Laddove sotto il cofano dell’Arsenal funziona tutto magnificamente, lo stesso non si può dire per le ambientazioni open world, che quantomeno sulla carta volevano essere la grande novità proposta da DAEMON X MACHINA: Titanic Scion. Se da una parte la presenza di mappe aperte decisamente ampie ha spalancato le porte a un’inedita componente esplorativa rispetto al titolo precedente,

dando al giocatore la possibilità tendere delle imboscate ai convogli mobili e aggredire i nemici che vagano liberamente, innescando magari degli accesi scontri a fuoco con mercenari rivali per accaparrarsi il diritto di recuperare le materie prime, dall’altra va detto che le attività opzionali risultano tremendamente ripetitive. Dalle paludi alle pianure, passando per i centri urbani ormai in rovina, i biomi di DAEMON X MACHINA: Titanic Scion affidano unicamente delle noiose fetch quest al nostro alter-ego, incaricandolo di abbattere determinati obiettivi, recuperare specifici materiali o in alternativa difendere una struttura dalle forze nemiche. A nostro avviso si tratta di un’occasione sprecata, perché anche volendo soprassedere sulla natura ripetitiva delle stesse, nessuna delle suddette riesce mai ad aggiungere il benché minimo dettaglio al world building. Quantomeno nelle prime ore questa soluzione può divertire, ma con l’incedere del tempo la natura ridondante degli incarichi potrebbe farsi insopportabile.

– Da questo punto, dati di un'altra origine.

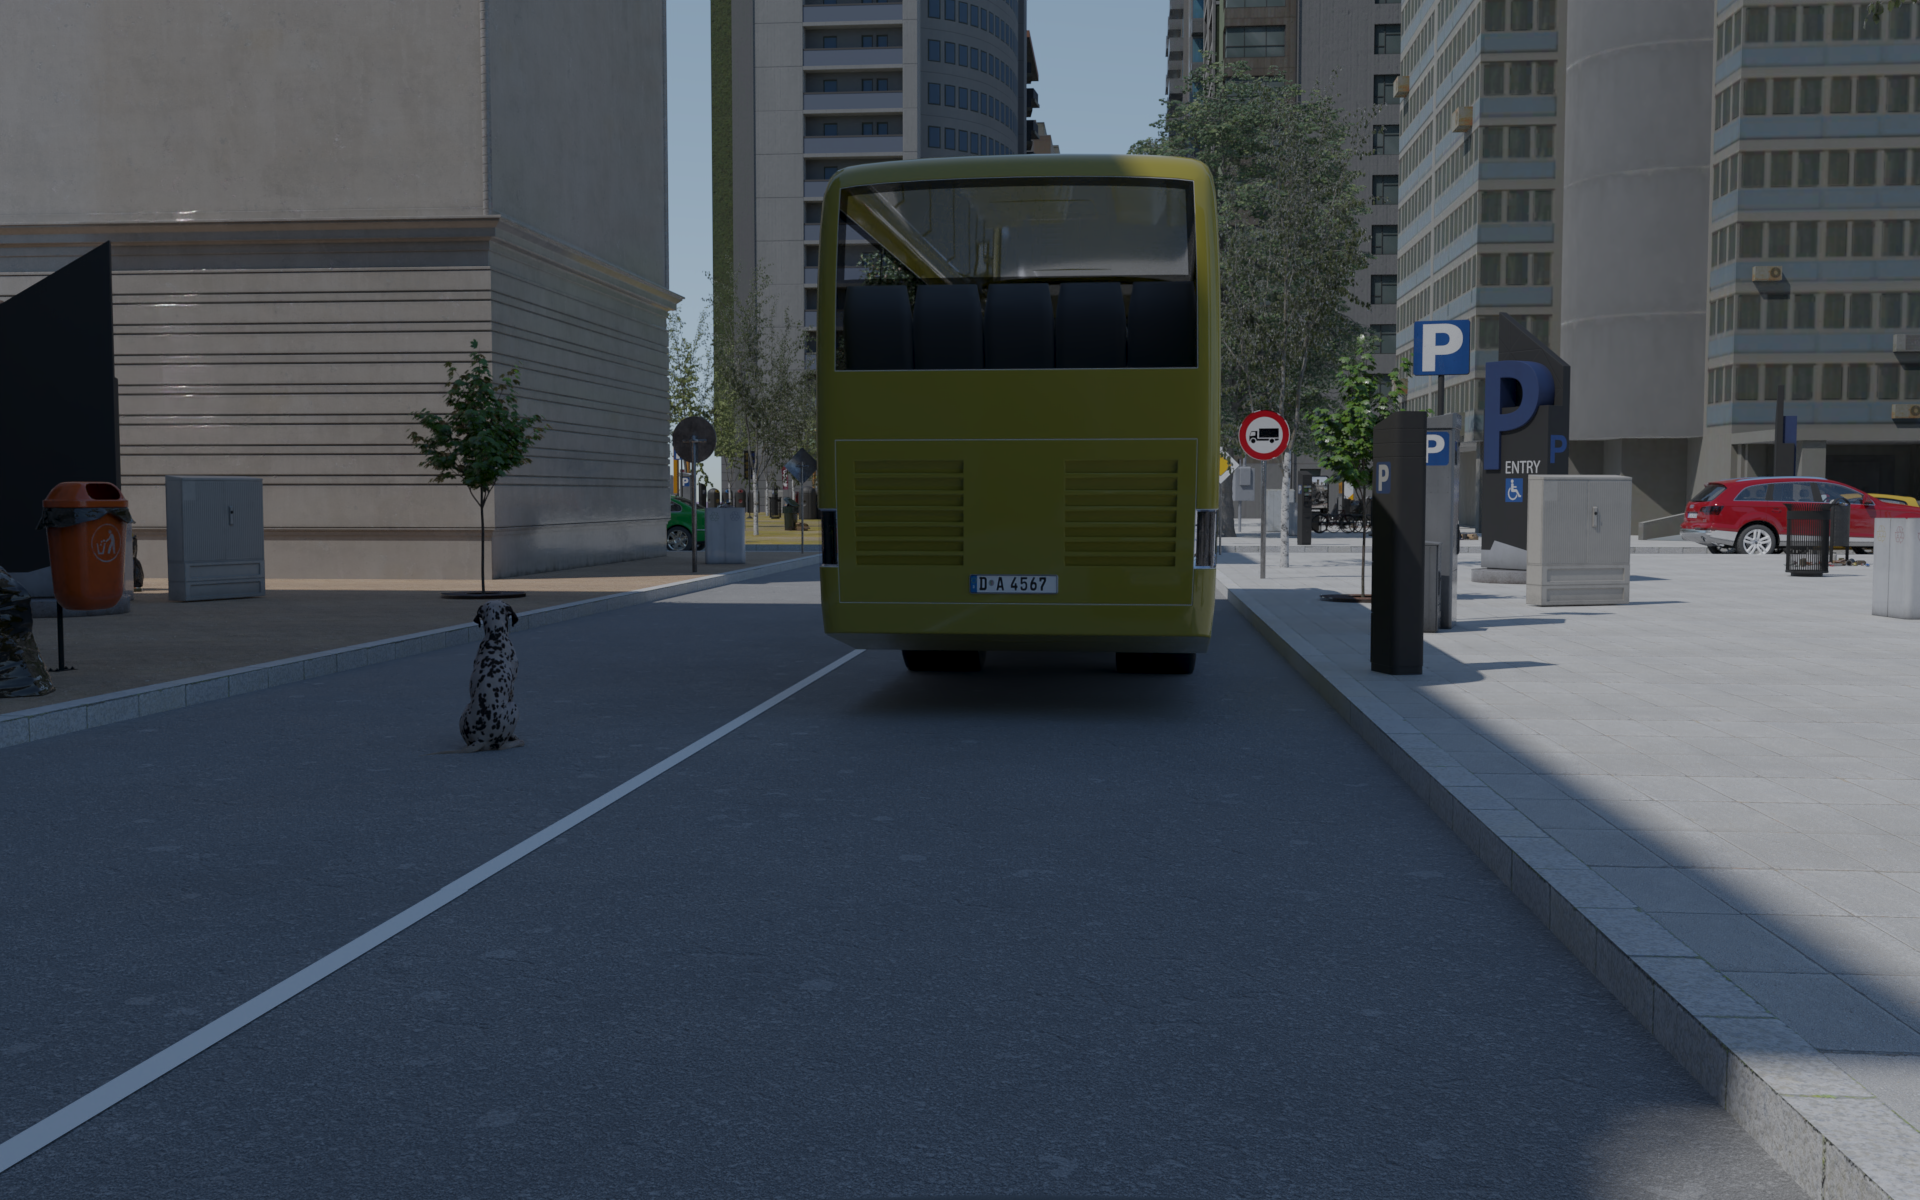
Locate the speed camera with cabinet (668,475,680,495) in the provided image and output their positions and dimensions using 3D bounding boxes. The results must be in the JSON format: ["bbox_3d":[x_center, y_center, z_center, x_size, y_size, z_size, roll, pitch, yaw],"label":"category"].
[{"bbox_3d":[-13.558,-5.443,83.328,2.038,3.252,0.660,3,5,43],"label":"speed camera with cabinet"}]

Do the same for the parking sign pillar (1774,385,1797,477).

Qualche avaria nel sistema

L’utilizzo di mappe aperte tanto grandi ha avuto un impatto negativo anche sul frame rate del prodotto, che tentenna praticamente su tutte le console. In modalità Performance, l’ultima fatica di Marvelous gira infatti a 60 fps su PlayStation 5 e Xbox Series X, non senza qualche inciampo occasionale nei frangenti più concitati; su Switch 2, invece, la situazione è un tantino più drammatica, in quanto la nuova macchina di Nintendo fatica a conservare i 30 fps tanto in modalità dock quanto in portabilità. Ancor più problematici si sono rivelati i caricamenti, giacché i viaggi rapidi da una zona all’altra del mondo tendono a richiedere tempi di attesa che superano il minuto, specialmente se le funzioni online sono attive. Un lasso di tempo esagerato e sorprendente per gli standard odierni, che inevitabilmente spezza il ritmo dell’azione.

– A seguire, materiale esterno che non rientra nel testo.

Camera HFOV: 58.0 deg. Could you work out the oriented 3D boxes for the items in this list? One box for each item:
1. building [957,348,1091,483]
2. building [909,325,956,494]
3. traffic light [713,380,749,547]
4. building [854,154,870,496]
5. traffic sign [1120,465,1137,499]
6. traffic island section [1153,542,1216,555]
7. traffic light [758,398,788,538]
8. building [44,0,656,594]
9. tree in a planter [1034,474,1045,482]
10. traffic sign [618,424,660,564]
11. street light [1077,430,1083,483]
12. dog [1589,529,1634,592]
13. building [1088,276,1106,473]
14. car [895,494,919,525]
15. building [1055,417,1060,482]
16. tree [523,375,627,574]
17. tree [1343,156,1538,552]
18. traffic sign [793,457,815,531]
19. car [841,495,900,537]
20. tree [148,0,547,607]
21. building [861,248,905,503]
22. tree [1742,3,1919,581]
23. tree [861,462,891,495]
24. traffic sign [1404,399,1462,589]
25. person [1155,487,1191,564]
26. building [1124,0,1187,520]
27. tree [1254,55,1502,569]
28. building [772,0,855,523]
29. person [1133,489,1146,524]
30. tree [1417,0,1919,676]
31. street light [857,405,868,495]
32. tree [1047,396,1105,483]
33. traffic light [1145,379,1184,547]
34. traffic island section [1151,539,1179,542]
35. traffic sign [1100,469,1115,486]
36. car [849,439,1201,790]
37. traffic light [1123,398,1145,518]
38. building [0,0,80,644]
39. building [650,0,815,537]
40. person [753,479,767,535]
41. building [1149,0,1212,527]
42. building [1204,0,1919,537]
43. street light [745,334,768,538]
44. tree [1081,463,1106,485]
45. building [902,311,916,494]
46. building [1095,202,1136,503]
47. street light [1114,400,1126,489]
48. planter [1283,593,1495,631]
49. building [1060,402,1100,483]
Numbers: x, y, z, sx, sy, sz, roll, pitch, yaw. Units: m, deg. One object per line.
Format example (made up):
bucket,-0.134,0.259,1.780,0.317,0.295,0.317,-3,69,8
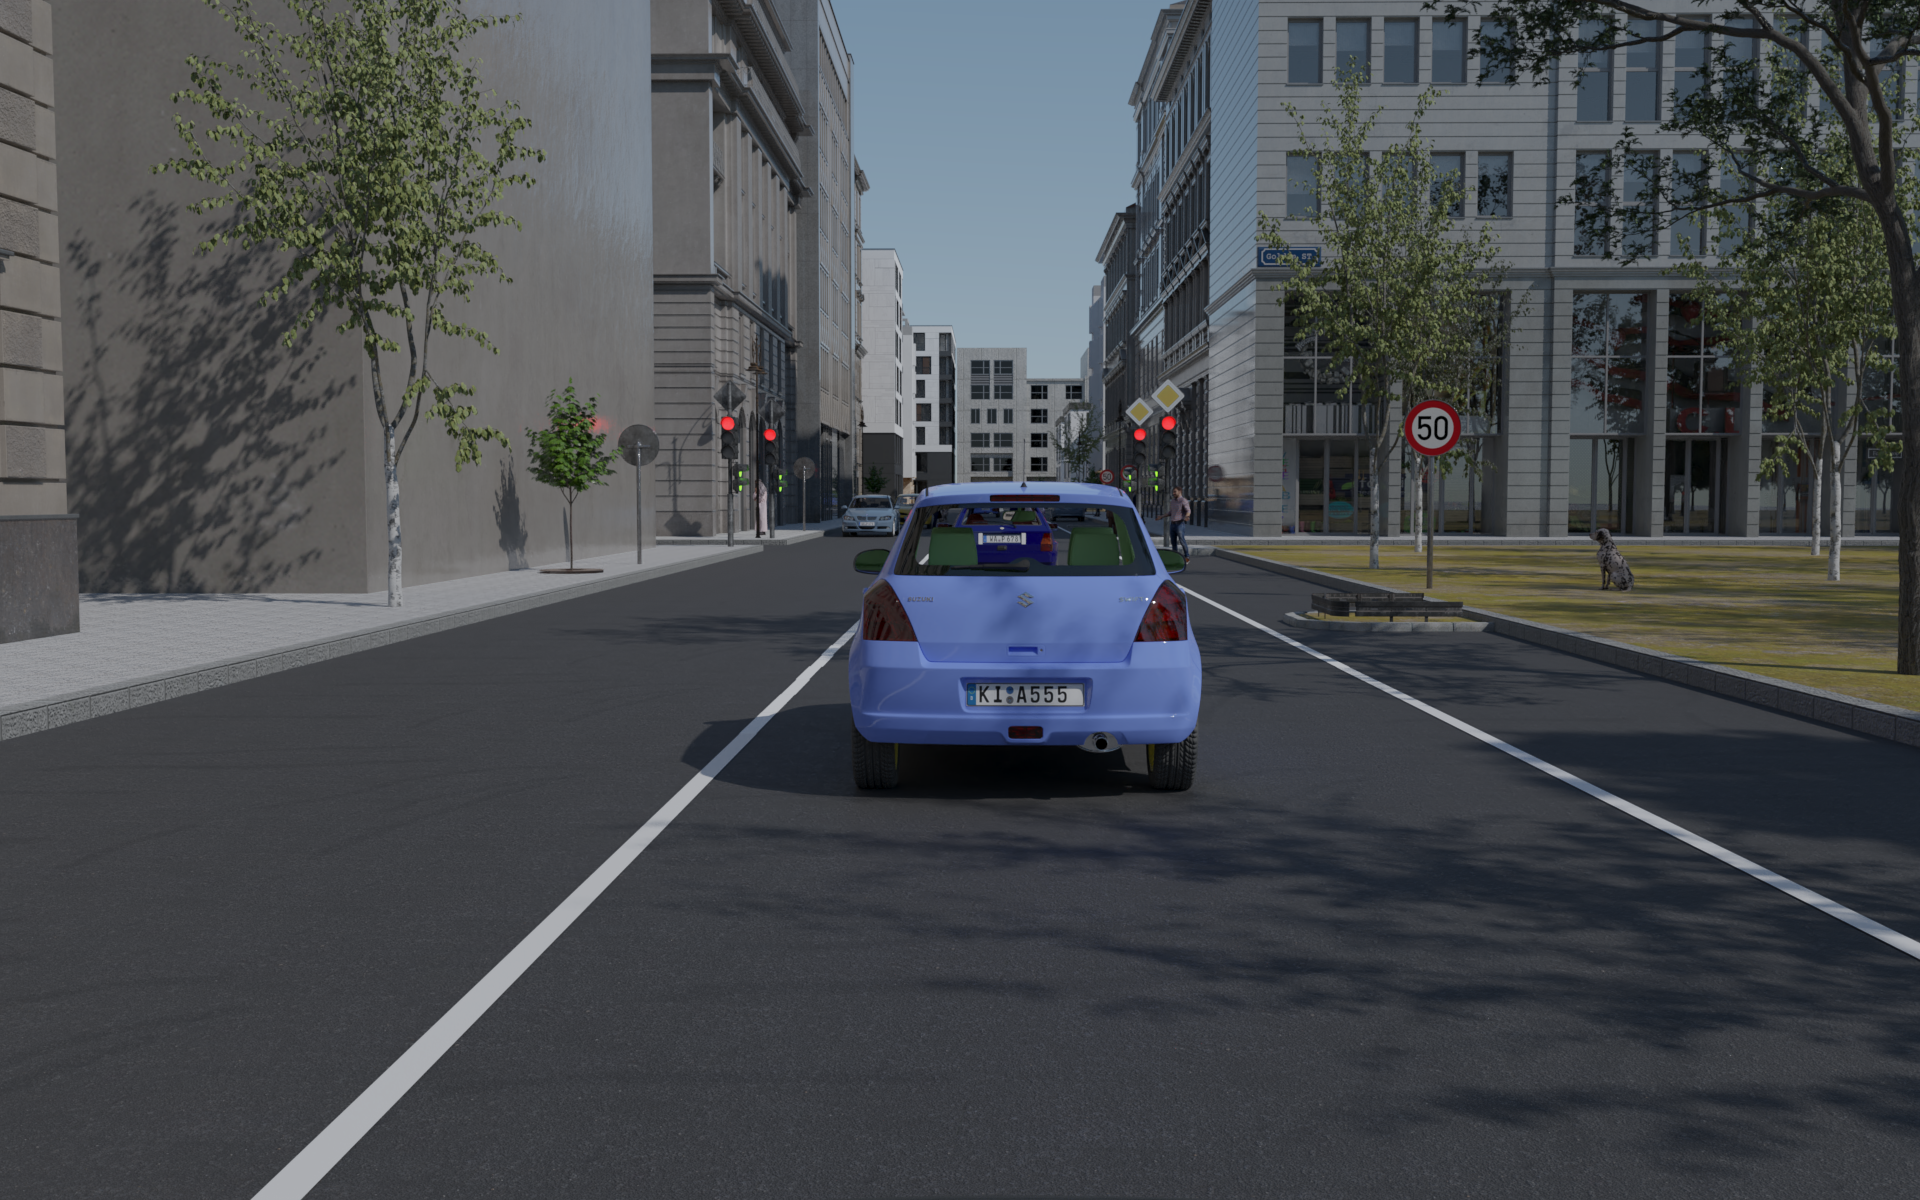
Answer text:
building,15.512,-21.467,217.448,31.486,18.905,16.747,0,4,1
building,-17.022,-23.230,223.783,32.646,21.610,27.936,0,4,1
traffic light,-5.570,-3.232,42.080,0.839,4.213,0.868,0,4,1
building,-12.642,-19.014,108.140,12.463,27.353,25.104,0,4,1
traffic sign,7.308,-4.574,74.898,0.768,2.556,0.104,0,4,3
traffic island section,5.030,-1.207,42.018,2.009,0.180,2.903,0,4,1
traffic light,-5.426,-3.720,50.063,0.839,4.213,0.868,0,4,1
building,-24.447,-13.876,31.381,34.151,26.468,19.350,0,4,1
tree in a planter,7.011,-9.487,152.331,1.991,3.239,1.994,0,4,1
traffic sign,-5.865,-1.927,31.617,0.768,2.556,0.104,0,4,2
street light,8.577,-9.287,124.635,0.468,5.910,1.993,0,4,1
dog,8.703,-0.527,22.996,0.513,0.831,0.800,0,4,7
building,18.425,-17.245,138.377,16.016,20.091,11.380,0,4,1
car,-2.015,-3.810,72.510,2.015,1.641,3.980,0,4,-1
building,15.301,-14.943,186.466,9.099,9.664,28.070,0,4,1
tree,-6.231,-2.059,28.259,1.663,3.219,1.824,0,3,0
tree,10.144,-5.347,37.782,4.360,8.622,3.978,0,3,0
traffic sign,-5.374,-3.645,59.696,0.768,2.556,0.104,1,4,9
car,-3.013,-2.894,59.320,2.014,1.417,4.499,0,4,2
tree,-6.460,-4.212,19.226,4.737,8.622,4.395,0,3,0
building,-19.404,-18.247,142.320,27.936,21.610,32.646,0,4,1
tree,12.776,-4.589,25.387,4.737,8.622,4.395,0,3,0
tree,-5.145,-6.619,102.820,1.663,3.219,1.824,0,3,0
traffic sign,6.369,-1.426,23.420,0.768,2.556,0.104,0,4,5
person,4.441,-1.528,35.442,0.435,1.587,0.963,-3,5,-42
building,16.423,-18.800,93.281,13.634,28.700,20.117,0,4,1
tree,7.061,-4.827,29.278,4.737,8.622,4.395,0,3,0
building,-11.995,-16.373,85.726,12.078,24.808,19.932,0,4,1
person,7.496,-3.932,72.878,0.613,1.512,0.480,0,4,-4
tree,7.028,-4.765,12.315,8.767,10.594,7.601,2,4,30
street light,-5.087,-7.194,90.415,0.468,5.910,1.993,0,4,1
tree,8.993,-11.004,130.283,4.737,8.622,4.395,0,3,0
traffic light,4.990,-3.221,41.906,0.839,4.213,0.868,0,4,1
traffic island section,5.174,-1.695,50.002,2.009,0.180,2.903,0,4,1
traffic sign,7.547,-5.431,88.904,0.768,2.556,0.104,1,4,10
car,0.337,-0.007,9.710,1.945,1.707,3.694,0,4,1
traffic light,5.134,-3.709,49.890,0.839,4.213,0.868,0,4,1
building,-14.019,-12.598,3.246,12.463,27.353,25.104,0,4,1
building,-13.108,-13.541,63.196,13.314,21.916,24.055,0,4,1
person,-6.226,-2.884,53.870,0.551,1.740,0.621,2,4,34
building,14.301,-14.898,72.468,11.050,23.489,19.941,0,4,1
building,23.571,-17.028,55.903,29.804,29.767,11.434,0,4,1
street light,-5.890,-4.742,50.314,0.468,5.910,1.993,0,4,1
tree,8.242,-6.892,107.293,1.663,3.219,1.824,0,3,0
building,-12.463,-19.604,176.938,16.016,20.091,11.380,0,4,1
building,15.298,-17.021,114.442,11.583,22.565,21.152,0,4,1
street light,7.752,-6.802,83.999,0.468,5.910,1.993,0,4,1
planter,4.617,0.127,19.063,1.991,0.319,1.994,0,4,1
building,14.521,-13.230,158.457,9.099,9.664,28.070,0,4,1

Per ragioni che sfuggono alla nostra comprensione, gli sviluppatori di DAEMON X MACHINA: Titanic Scion hanno parzialmente accantonato lo splendido cel-shading che caratterizzava il primo episodio per adottare un look più realistico e futuristico, che purtroppo appare più anonimo. Se non altro il mechanical design curato da sua santità Kawamori Shoji (Aquarion, Gundam 0083, Macross) resta una garanzia e dona agli Arsenal un livello di dettaglio superlativo, controbilanciando la resa di ambienti eccessivamente spartani e poco ispirati. Mescolando brani elettronici e tracce metal, la colonna sonora si adatta piuttosto bene ai ritmi assunti di volta in volta dall’avventura, anche se nessuna delle seppur vivaci melodie di Titanic Scion resta effettivamente impressa. Già meglio si comporta il doppiaggio originale in lingua giapponese, che rispetto a quello anglofono presenta accostamenti vocali più azzeccati e superbe performance recitative.